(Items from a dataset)
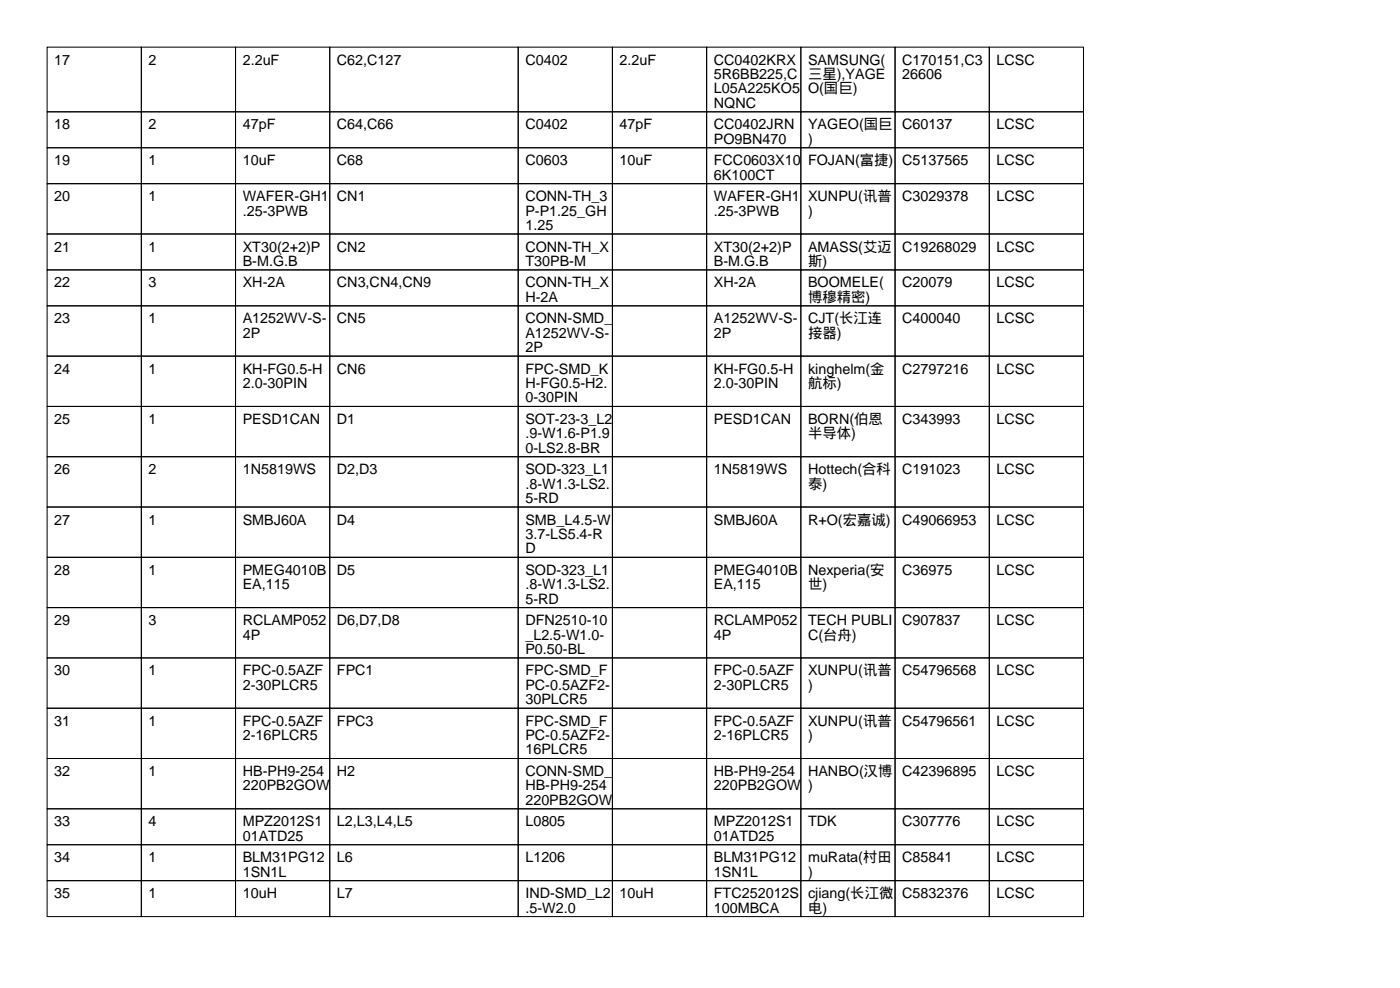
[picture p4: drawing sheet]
<svg xmlns="http://www.w3.org/2000/svg" width="297mm" height="210mm" viewBox="0 0 297 210" stroke-linecap="round" stroke-linejoin="round" font-family="sans-serif">
<defs><g id="words">
<g font-size="3">
<text x="11.5" y="13.7">17</text>
<text x="31.5" y="13.7">2</text>
<text x="51.5" y="13.7">2.2uF</text>
<text x="71.5" y="13.7">C62,C127</text>
<text x="111.5" y="13.7">C0402</text>
<text x="131.5" y="13.7">2.2uF</text>
<text x="151.5" y="13.7">CC0402KRX</text>
<text x="151.5" y="16.8">5R6BB225,C</text>
<text x="171.5" y="13.7">SAMSUNG(</text>
<text x="171.5" y="16.8">三星),YAGE</text>
<text x="191.5" y="13.7">C170151,C3</text>
<text x="191.5" y="16.8">26606</text>
<text x="211.5" y="13.7">LCSC</text>
<text x="151.5" y="19.8">L05A225KO5</text>
<text x="151.5" y="22.9">NQNC</text>
<text x="171.5" y="19.8">O(国巨)</text>
<text x="11.5" y="27.4">18</text>
<text x="31.5" y="27.4">2</text>
<text x="51.5" y="27.4">47pF</text>
<text x="71.5" y="27.4">C64,C66</text>
<text x="111.5" y="27.4">C0402</text>
<text x="131.5" y="27.4">47pF</text>
<text x="151.5" y="27.4">CC0402JRN</text>
<text x="171.5" y="27.4">YAGEO(国巨</text>
<text x="191.5" y="27.4">C60137</text>
<text x="211.5" y="27.4">LCSC</text>
<text x="11.5" y="35.1">19</text>
<text x="31.5" y="35.1">1</text>
<text x="51.5" y="35.1">10uF</text>
<text x="71.5" y="35.1">C68</text>
<text x="111.5" y="35.1">C0603</text>
<text x="131.5" y="35.1">10uF</text>
<text x="151.5" y="30.5">PO9BN470</text>
<text x="151.5" y="35.1">FCC0603X10</text>
<text x="171.5" y="30.5">)</text>
<text x="171.5" y="35.1">FOJAN(富捷)</text>
<text x="191.5" y="35.1">C5137565</text>
<text x="211.5" y="35.1">LCSC</text>
<text x="151.5" y="38.1">6K100CT</text>
<text x="11.5" y="42.7">20</text>
<text x="31.5" y="42.7">1</text>
<text x="51.5" y="42.7">WAFER-GH1</text>
<text x="51.5" y="45.7">.25-3PWB</text>
<text x="71.5" y="42.7">CN1</text>
<text x="111.5" y="42.7">CONN-TH_3</text>
<text x="111.5" y="45.7">P-P1.25_GH</text>
<text x="151.5" y="42.7">WAFER-GH1</text>
<text x="151.5" y="45.7">.25-3PWB</text>
<text x="171.5" y="42.7">XUNPU(讯普</text>
<text x="171.5" y="45.7">)</text>
<text x="191.5" y="42.7">C3029378</text>
<text x="211.5" y="42.7">LCSC</text>
<text x="11.5" y="53.3">21</text>
<text x="31.5" y="53.3">1</text>
<text x="51.5" y="53.3">XT30(2+2)P</text>
<text x="71.5" y="53.3">CN2</text>
<text x="111.5" y="48.8">1.25</text>
<text x="111.5" y="53.3">CONN-TH_X</text>
<text x="151.5" y="53.3">XT30(2+2)P</text>
<text x="171.5" y="53.3">AMASS(艾迈</text>
<text x="191.5" y="53.3">C19268029</text>
<text x="211.5" y="53.3">LCSC</text>
<text x="51.5" y="56.4">B-M.G.B</text>
<text x="111.5" y="56.4">T30PB-M</text>
<text x="151.5" y="56.4">B-M.G.B</text>
<text x="171.5" y="56.4">斯)</text>
<text x="11.5" y="61">22</text>
<text x="31.5" y="61">3</text>
<text x="51.5" y="61">XH-2A</text>
<text x="71.5" y="61">CN3,CN4,CN9</text>
<text x="111.5" y="61">CONN-TH_X</text>
<text x="111.5" y="64">H-2A</text>
<text x="151.5" y="61">XH-2A</text>
<text x="171.5" y="61">BOOMELE(</text>
<text x="171.5" y="64">博穆精密)</text>
<text x="191.5" y="61">C20079</text>
<text x="211.5" y="61">LCSC</text>
<text x="11.5" y="68.6">23</text>
<text x="31.5" y="68.6">1</text>
<text x="51.5" y="68.6">A1252WV-S-</text>
<text x="51.5" y="71.6">2P</text>
<text x="71.5" y="68.6">CN5</text>
<text x="111.5" y="68.6">CONN-SMD_</text>
<text x="111.5" y="71.6">A1252WV-S-</text>
<text x="151.5" y="68.6">A1252WV-S-</text>
<text x="151.5" y="71.6">2P</text>
<text x="171.5" y="68.6">CJT(长江连</text>
<text x="171.5" y="71.6">接器)</text>
<text x="191.5" y="68.6">C400040</text>
<text x="211.5" y="68.6">LCSC</text>
<text x="111.5" y="74.7">2P</text>
<text x="11.5" y="79.3">24</text>
<text x="31.5" y="79.3">1</text>
<text x="51.5" y="79.3">KH-FG0.5-H</text>
<text x="51.5" y="82.3">2.0-30PIN</text>
<text x="71.5" y="79.3">CN6</text>
<text x="111.5" y="79.3">FPC-SMD_K</text>
<text x="111.5" y="82.3">H-FG0.5-H2.</text>
<text x="151.5" y="79.3">KH-FG0.5-H</text>
<text x="151.5" y="82.3">2.0-30PIN</text>
<text x="171.5" y="79.3">kinghelm(金</text>
<text x="171.5" y="82.3">航标)</text>
<text x="191.5" y="79.3">C2797216</text>
<text x="211.5" y="79.3">LCSC</text>
<text x="11.5" y="89.9">25</text>
<text x="31.5" y="89.9">1</text>
<text x="51.5" y="89.9">PESD1CAN</text>
<text x="71.5" y="89.9">D1</text>
<text x="111.5" y="85.3">0-30PIN</text>
<text x="111.5" y="89.9">SOT-23-3_L2</text>
<text x="151.5" y="89.9">PESD1CAN</text>
<text x="171.5" y="89.9">BORN(伯恩</text>
<text x="191.5" y="89.9">C343993</text>
<text x="211.5" y="89.9">LCSC</text>
<text x="111.5" y="93">.9-W1.6-P1.9</text>
<text x="171.5" y="93">半导体)</text>
<text x="11.5" y="100.6">26</text>
<text x="31.5" y="100.6">2</text>
<text x="51.5" y="100.6">1N5819WS</text>
<text x="71.5" y="100.6">D2,D3</text>
<text x="111.5" y="96">0-LS2.8-BR</text>
<text x="111.5" y="100.6">SOD-323_L1</text>
<text x="151.5" y="100.6">1N5819WS</text>
<text x="171.5" y="100.6">Hottech(合科</text>
<text x="191.5" y="100.6">C191023</text>
<text x="211.5" y="100.6">LCSC</text>
<text x="111.5" y="103.6">.8-W1.3-LS2.</text>
<text x="111.5" y="106.7">5-RD</text>
<text x="171.5" y="103.6">泰)</text>
<text x="11.5" y="111.3">27</text>
<text x="31.5" y="111.3">1</text>
<text x="51.5" y="111.3">SMBJ60A</text>
<text x="71.5" y="111.3">D4</text>
<text x="111.5" y="111.3">SMB_L4.5-W</text>
<text x="151.5" y="111.3">SMBJ60A</text>
<text x="171.5" y="111.3">R+O(宏嘉诚)</text>
<text x="191.5" y="111.3">C49066953</text>
<text x="211.5" y="111.3">LCSC</text>
<text x="111.5" y="114.3">3.7-LS5.4-R</text>
<text x="111.5" y="117.4">D</text>
<text x="11.5" y="121.9">28</text>
<text x="31.5" y="121.9">1</text>
<text x="51.5" y="121.9">PMEG4010B</text>
<text x="51.5" y="125">EA,115</text>
<text x="71.5" y="121.9">D5</text>
<text x="111.5" y="121.9">SOD-323_L1</text>
<text x="111.5" y="125">.8-W1.3-LS2.</text>
<text x="151.5" y="121.9">PMEG4010B</text>
<text x="151.5" y="125">EA,115</text>
<text x="171.5" y="121.9">Nexperia(安</text>
<text x="171.5" y="125">世)</text>
<text x="191.5" y="121.9">C36975</text>
<text x="211.5" y="121.9">LCSC</text>
<text x="111.5" y="128">5-RD</text>
<text x="11.5" y="132.6">29</text>
<text x="31.5" y="132.6">3</text>
<text x="51.5" y="132.6">RCLAMP052</text>
<text x="51.5" y="135.6">4P</text>
<text x="71.5" y="132.6">D6,D7,D8</text>
<text x="111.5" y="132.6">DFN2510-10</text>
<text x="111.5" y="135.6">_L2.5-W1.0-</text>
<text x="151.5" y="132.6">RCLAMP052</text>
<text x="151.5" y="135.6">4P</text>
<text x="171.5" y="132.6">TECH PUBLI</text>
<text x="171.5" y="135.6">C(台舟)</text>
<text x="191.5" y="132.6">C907837</text>
<text x="211.5" y="132.6">LCSC</text>
<text x="11.5" y="143.3">30</text>
<text x="31.5" y="143.3">1</text>
<text x="51.5" y="143.3">FPC-0.5AZF</text>
<text x="71.5" y="143.3">FPC1</text>
<text x="111.5" y="138.7">P0.50-BL</text>
<text x="111.5" y="143.3">FPC-SMD_F</text>
<text x="151.5" y="143.3">FPC-0.5AZF</text>
<text x="171.5" y="143.3">XUNPU(讯普</text>
<text x="191.5" y="143.3">C54796568</text>
<text x="211.5" y="143.3">LCSC</text>
<text x="51.5" y="146.3">2-30PLCR5</text>
<text x="111.5" y="146.3">PC-0.5AZF2-</text>
<text x="111.5" y="149.4">30PLCR5</text>
<text x="151.5" y="146.3">2-30PLCR5</text>
<text x="171.5" y="146.3">)</text>
<text x="11.5" y="153.9">31</text>
<text x="31.5" y="153.9">1</text>
<text x="51.5" y="153.9">FPC-0.5AZF</text>
<text x="71.5" y="153.9">FPC3</text>
<text x="111.5" y="153.9">FPC-SMD_F</text>
<text x="151.5" y="153.9">FPC-0.5AZF</text>
<text x="171.5" y="153.9">XUNPU(讯普</text>
<text x="191.5" y="153.9">C54796561</text>
<text x="211.5" y="153.9">LCSC</text>
<text x="51.5" y="157">2-16PLCR5</text>
<text x="111.5" y="157">PC-0.5AZF2-</text>
<text x="111.5" y="160">16PLCR5</text>
<text x="151.5" y="157">2-16PLCR5</text>
<text x="171.5" y="157">)</text>
<text x="11.5" y="164.6">32</text>
<text x="31.5" y="164.6">1</text>
<text x="51.5" y="164.6">HB-PH9-254</text>
<text x="51.5" y="167.6">220PB2GOW</text>
<text x="71.5" y="164.6">H2</text>
<text x="111.5" y="164.6">CONN-SMD_</text>
<text x="111.5" y="167.6">HB-PH9-254</text>
<text x="151.5" y="164.6">HB-PH9-254</text>
<text x="151.5" y="167.6">220PB2GOW</text>
<text x="171.5" y="164.6">HANBO(汉博</text>
<text x="171.5" y="167.6">)</text>
<text x="191.5" y="164.6">C42396895</text>
<text x="211.5" y="164.6">LCSC</text>
<text x="111.5" y="170.7">220PB2GOW</text>
<text x="11.5" y="175.3">33</text>
<text x="31.5" y="175.3">4</text>
<text x="51.5" y="175.3">MPZ2012S1</text>
<text x="51.5" y="178.3">01ATD25</text>
<text x="71.5" y="175.3">L2,L3,L4,L5</text>
<text x="111.5" y="175.3">L0805</text>
<text x="151.5" y="175.3">MPZ2012S1</text>
<text x="151.5" y="178.3">01ATD25</text>
<text x="171.5" y="175.3">TDK</text>
<text x="191.5" y="175.3">C307776</text>
<text x="211.5" y="175.3">LCSC</text>
<text x="11.5" y="182.9">34</text>
<text x="31.5" y="182.9">1</text>
<text x="51.5" y="182.9">BLM31PG12</text>
<text x="51.5" y="185.9">1SN1L</text>
<text x="71.5" y="182.9">L6</text>
<text x="111.5" y="182.9">L1206</text>
<text x="151.5" y="182.9">BLM31PG12</text>
<text x="151.5" y="185.9">1SN1L</text>
<text x="171.5" y="182.9">muRata(村田</text>
<text x="171.5" y="185.9">)</text>
<text x="191.5" y="182.9">C85841</text>
<text x="211.5" y="182.9">LCSC</text>
<text x="11.5" y="190.5">35</text>
<text x="31.5" y="190.5">1</text>
<text x="51.5" y="190.5">10uH</text>
<text x="71.5" y="190.5">L7</text>
<text x="111.5" y="190.5">IND-SMD_L2</text>
<text x="131.5" y="190.5">10uH</text>
<text x="151.5" y="190.5">FTC252012S</text>
<text x="171.5" y="190.5">cjiang(长江微</text>
<text x="191.5" y="190.5">C5832376</text>
<text x="211.5" y="190.5">LCSC</text>
<text x="111.5" y="193.6">.5-W2.0</text>
<text x="151.5" y="193.6">100MBCA</text>
<text x="171.5" y="193.6">电)</text>
</g>
</g></defs>
<g fill="none" stroke="#000" stroke-width=".21">
<path d="M10 10h20v13.7h-20zM30 10h20v13.7h-20zM50 10h20v13.7h-20zM70 10h40v13.7h-40zM110 10h20v13.7h-20zM130 10h20v13.7h-20zM150 10h20v13.7h-20zM170 10h20v13.7h-20zM190 10h20v13.7h-20zM210 10h20v13.7h-20zM10 23.7h20v7.6h-20zM10 31.3h20v7.7h-20z"/>
<path d="M10 39h20v10.6h-20zM30 23.7h20v7.6h-20zM30 31.3h20v7.7h-20zM30 39h20v10.6h-20zM50 23.7h20v7.6h-20zM50 31.3h20v7.7h-20zM50 39h20v10.6h-20zM70 23.7h40v7.6h-40zM70 31.3h40v7.7h-40zM70 39h40v10.6h-40zM110 23.7h20v7.6h-20zM110 31.3h20v7.7h-20z"/>
<path d="M110 39h20v10.6h-20zM130 23.7h20v7.6h-20zM130 31.3h20v7.7h-20zM130 39h20v10.6h-20zM150 23.7h20v7.6h-20zM150 31.3h20v7.7h-20zM150 39h20v10.6h-20zM170 23.7h20v7.6h-20zM170 31.3h20v7.7h-20zM170 39h20v10.6h-20zM190 23.7h20v7.6h-20zM190 31.3h20v7.7h-20z"/>
<path d="M190 39h20v10.6h-20zM210 23.7h20v7.6h-20zM210 31.3h20v7.7h-20zM210 39h20v10.6h-20zM10 49.6h20v7.6h-20zM10 57.2h20v7.7h-20zM30 49.6h20v7.6h-20zM30 57.2h20v7.7h-20zM50 49.6h20v7.6h-20zM50 57.2h20v7.7h-20zM70 49.6h40v7.6h-40zM70 57.2h40v7.7h-40z"/>
<path d="M110 49.6h20v7.6h-20zM110 57.2h20v7.7h-20zM130 49.6h20v7.6h-20zM130 57.2h20v7.7h-20zM150 49.6h20v7.6h-20zM150 57.2h20v7.7h-20zM170 49.6h20v7.6h-20zM170 57.2h20v7.7h-20zM190 49.6h20v7.6h-20zM190 57.2h20v7.7h-20zM210 49.6h20v7.6h-20zM210 57.2h20v7.7h-20z"/>
<path d="M10 64.9h20v10.6h-20zM10 75.5h20v10.7h-20zM30 64.9h20v10.6h-20zM30 75.5h20v10.7h-20zM50 64.9h20v10.6h-20zM50 75.5h20v10.7h-20zM70 64.9h40v10.6h-40zM70 75.5h40v10.7h-40zM110 64.9h20v10.6h-20zM110 75.5h20v10.7h-20zM130 64.9h20v10.6h-20zM130 75.5h20v10.7h-20z"/>
<path d="M150 64.9h20v10.6h-20zM150 75.5h20v10.7h-20zM170 64.9h20v10.6h-20zM170 75.5h20v10.7h-20zM190 64.9h20v10.6h-20zM190 75.5h20v10.7h-20zM210 64.9h20v10.6h-20zM210 75.5h20v10.7h-20zM10 86.2h20v10.7h-20zM10 96.9h20v10.6h-20zM30 86.2h20v10.7h-20zM30 96.9h20v10.6h-20z"/>
<path d="M50 86.2h20v10.7h-20zM50 96.9h20v10.6h-20zM70 86.2h40v10.7h-40zM70 96.9h40v10.6h-40zM110 86.2h20v10.7h-20zM110 96.9h20v10.6h-20zM130 86.2h20v10.7h-20zM130 96.9h20v10.6h-20zM150 86.2h20v10.7h-20zM150 96.9h20v10.6h-20zM170 86.2h20v10.7h-20zM170 96.9h20v10.6h-20z"/>
<path d="M190 86.2h20v10.7h-20zM190 96.9h20v10.6h-20zM210 86.2h20v10.7h-20zM210 96.9h20v10.6h-20zM10 107.5h20v10.7h-20zM10 118.2h20v10.7h-20zM30 107.5h20v10.7h-20zM30 118.2h20v10.7h-20zM50 107.5h20v10.7h-20zM50 118.2h20v10.7h-20zM70 107.5h40v10.7h-40zM70 118.2h40v10.7h-40z"/>
<path d="M110 107.5h20v10.7h-20zM110 118.2h20v10.7h-20zM130 107.5h20v10.7h-20zM130 118.2h20v10.7h-20zM150 107.5h20v10.7h-20zM150 118.2h20v10.7h-20zM170 107.5h20v10.7h-20zM170 118.2h20v10.7h-20zM190 107.5h20v10.7h-20zM190 118.2h20v10.7h-20zM210 107.5h20v10.7h-20zM210 118.2h20v10.7h-20z"/>
<path d="M10 128.9h20v10.6h-20zM10 139.5h20v10.7h-20zM30 128.9h20v10.6h-20zM30 139.5h20v10.7h-20zM50 128.9h20v10.6h-20zM50 139.5h20v10.7h-20zM70 128.9h40v10.6h-40zM70 139.5h40v10.7h-40zM110 128.9h20v10.6h-20zM110 139.5h20v10.7h-20zM130 128.9h20v10.6h-20zM130 139.5h20v10.7h-20z"/>
<path d="M150 128.9h20v10.6h-20zM150 139.5h20v10.7h-20zM170 128.9h20v10.6h-20zM170 139.5h20v10.7h-20zM190 128.9h20v10.6h-20zM190 139.5h20v10.7h-20zM210 128.9h20v10.6h-20zM210 139.5h20v10.7h-20zM10 150.2h20v10.7h-20zM30 150.2h20v10.7h-20zM50 150.2h20v10.7h-20zM70 150.2h40v10.7h-40z"/>
<path d="M110 150.2h20v10.7h-20zM130 150.2h20v10.7h-20zM150 150.2h20v10.7h-20zM170 150.2h20v10.7h-20zM190 150.2h20v10.7h-20zM210 150.2h20v10.7h-20zM10 160.9h20v10.6h-20zM10 171.5h20v7.7h-20zM10 179.2h20v7.6h-20zM30 160.9h20v10.6h-20zM30 171.5h20v7.7h-20zM30 179.2h20v7.6h-20z"/>
<path d="M50 160.9h20v10.6h-20zM50 171.5h20v7.7h-20zM50 179.2h20v7.6h-20zM70 160.9h40v10.6h-40zM70 171.5h40v7.7h-40zM70 179.2h40v7.6h-40zM110 160.9h20v10.6h-20zM110 171.5h20v7.7h-20zM110 179.2h20v7.6h-20zM130 160.9h20v10.6h-20zM130 171.5h20v7.7h-20zM130 179.2h20v7.6h-20z"/>
<path d="M150 160.9h20v10.6h-20zM150 171.5h20v7.7h-20zM150 179.2h20v7.6h-20zM170 160.9h20v10.6h-20zM170 171.5h20v7.7h-20zM170 179.2h20v7.6h-20zM190 160.9h20v10.6h-20zM190 171.5h20v7.7h-20zM190 179.2h20v7.6h-20zM210 160.9h20v10.6h-20zM210 171.5h20v7.7h-20zM210 179.2h20v7.6h-20z"/>
<path d="M10 186.8h20v7.6h-20zM30 186.8h20v7.6h-20zM50 186.8h20v7.6h-20zM70 186.8h40v7.6h-40zM110 186.8h20v7.6h-20zM130 186.8h20v7.6h-20zM150 186.8h20v7.6h-20zM170 186.8h20v7.6h-20zM190 186.8h20v7.6h-20zM210 186.8h20v7.6h-20z"/>
</g>
<use href="#words"/>
</svg>

Task requirements
Go through the entries above, and wherever a line holds the word "stroke", copy that line.

Solution
<svg xmlns="http://www.w3.org/2000/svg" width="297mm" height="210mm" viewBox="0 0 297 210" stroke-linecap="round" stroke-linejoin="round" font-family="sans-serif">
<g fill="none" stroke="#000" stroke-width=".21">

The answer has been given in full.